Un ente locale gestisce le pratiche relative all’installazione di insegne e mezzi pubblicitari attraverso un portale telematico dedicato. I procedimenti non sono trattati tramite il SUAP, ma sono seguiti dall’Ufficio Pianificazione / Edilizia privata, poiché molte aree del territorio comunale sono soggette a vincoli paesaggistici o storico-artistici.
 
Inoltre, per l’installazione dei mezzi pubblicitari è necessario effettuare anche le verifiche previste dall’articolo 23 del Codice della strada, di competenza della polizia locale, relative alla sicurezza della circolazione e alla collocazione degli impianti lungo le strade.
 
A seguito dell’entrata in vigore del Decreto-legge n. 19 del 19 febbraio 2026, che ha introdotto la SCIA per la regolarizzazione dell’installazione dei mezzi pubblicitari, il Comune chiede quale sia la procedura amministrativa corretta da applicare, considerando che il decreto è entrato in vigore il 20 febbraio e che la modulistica aggiornata non è ancora disponibile.
 
La soluzione operativa
 
Il Decreto Legge 19/2026 prevede al suo articolo 5, una specifica procedura per la collocazione dei mezzi pubblicitari che possono essere svolti attraverso le procedura previste dagli articoli 19 e 19 bis della Legge 241/1990.

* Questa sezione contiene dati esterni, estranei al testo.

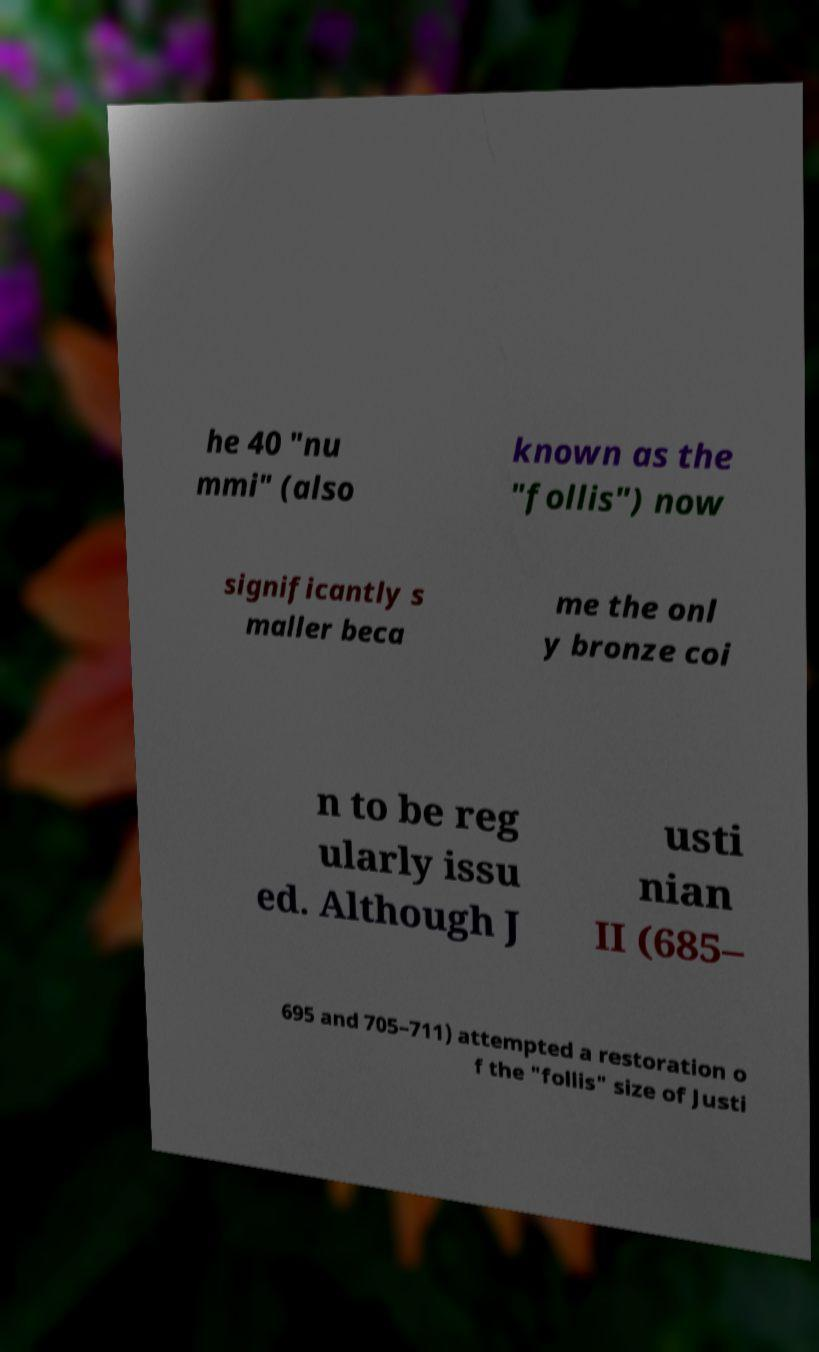I need the written content from this picture converted into text. Can you do that? he 40 "nu mmi" (also known as the "follis") now significantly s maller beca me the onl y bronze coi n to be reg ularly issu ed. Although J usti nian II (685– 695 and 705–711) attempted a restoration o f the "follis" size of Justi

A nostro avviso l’articolo 19 si applica quando il mezzo pubblicitario viene collocato in un’area che rientra nelle previsioni del regolamento comunale, il quale indica tutte le caratteristiche del mezzo pubblicitario, in tale ipotesi l’interessato dovrà presentare la SCIA autocertificando di aver rispettato tutte le previsioni contenute nell’atto regolamentare.
Nell’ipotesi invece che la collocazione avvenga in un’area non regolamentata o che per tale area, anche se regolamentata serva l’espressione del parere di altri uffici o organi, come ad esempio il parere dell’ente proprietario della strada ai sensi dell’articolo 23 del c.d.s. si dovrà attuare la procedura prevista dall’articolo 19 bis della legge 241/1990 ovvero la SCIA condizionata.
Fermo restando che si tratta di Decreto Legge, che quindi necessita in primo luogo di conversione in legge e che in quella eventuale fase potrebbe anche subire modifiche, a nostro avviso le procedure amministrative e le competenze degli uffici, indicate nel quesito, dovranno essere modificate in modo da risultare allineate alle nuove prescrizioni normative.